The difference is that French is the secondary(although in the ciies primary lang.) for many. I had no teacher to help me and I doubt he/she would have spoken English very well. Also the higher exams etc. there are in French. I worked in a youth center so the funding on the following year was not decided on their English acquistion or test scores, but membership fees.

Where are circumstances are similar is the lack of funding. I pretty much got neal/zero. There was a white board in the class, but no markers. We had chairs for all the students but not enough desks. Oh yeah and no heat, aircon or fans. But most days/weeks we had electricty. Big smile.

We also didn't have any books or curriculm. Oh how I wish Mes was around in those days. Where were you Mark. How dare you keep you knowledge/skills from a world that needed you. :D I was a new teacher and this site would have been a god send. Of course now I am an older/more experienced teacher and it is A GOD SEND!!!!! Go Mark, Go Mark, Go Mark!!!!!

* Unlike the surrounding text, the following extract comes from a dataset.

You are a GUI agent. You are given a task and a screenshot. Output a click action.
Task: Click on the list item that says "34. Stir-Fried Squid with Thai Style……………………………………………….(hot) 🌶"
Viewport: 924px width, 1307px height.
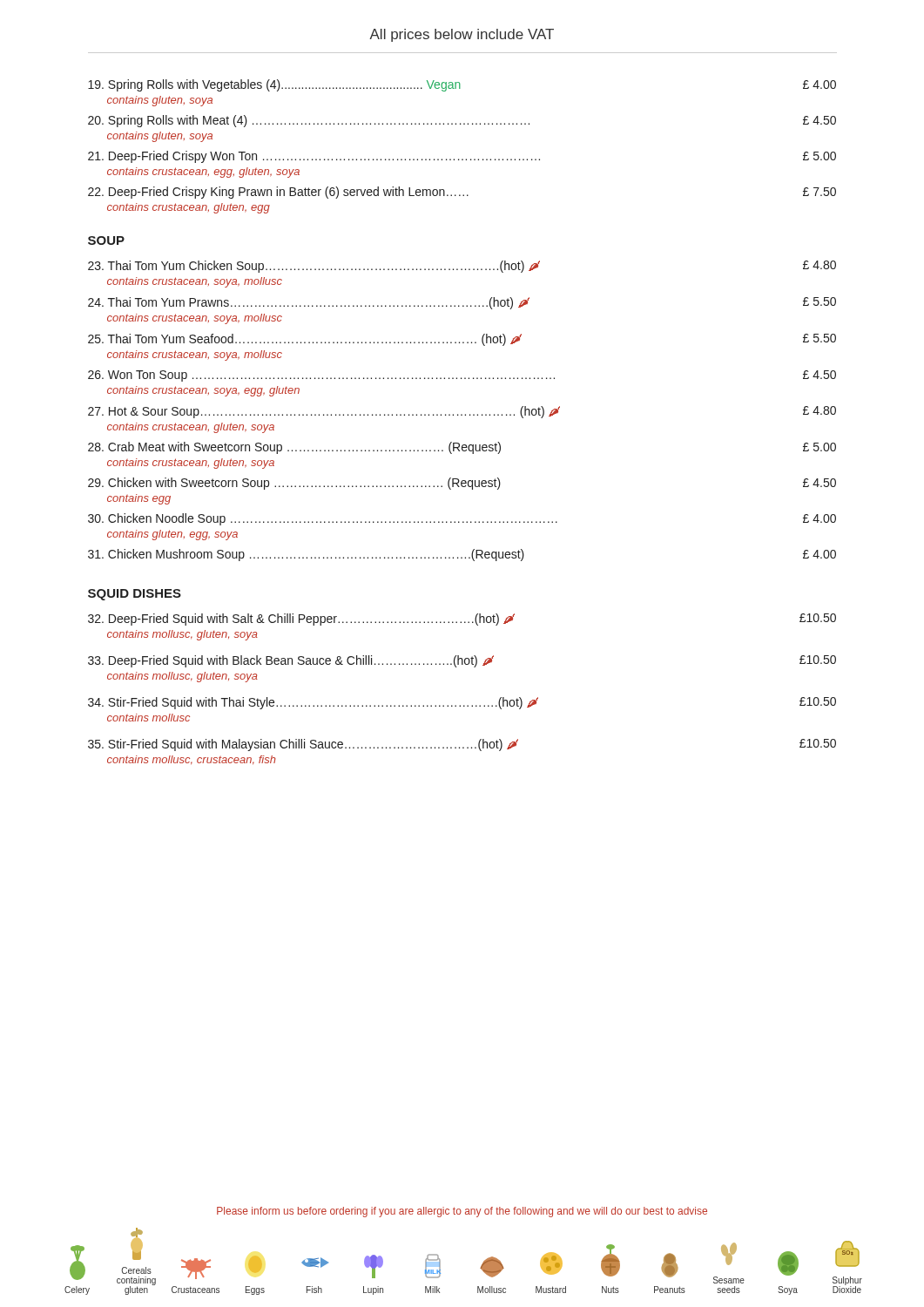click(x=462, y=709)

ANyway, they didn't provide me with any materials so I had to buy, beg, and borrow all I could.

I didn't really have much of my own money for lots of photo copies, so, although it was more of an initial investment on my part, I laminated almost every thing, even hand outs to the kids.

I made it a requiremnt to attend class that they needed a dry erase marker. For the students that I knew couldn't afford it, I gave away markers as prizes for various things in class. The kids that could afford them got different stuff. (Nothing expensive and all school related.)

I also did this usually only during the first week or so. We had some special event week to get to know each other, etc. In adition, this way they didn't expect prizes all the time. I just couldn't afford it in those days.

If you photocopy make sure to doubleside. also make sure the kids leave there supplies in the school so they don't loose them, unless they need them for homework.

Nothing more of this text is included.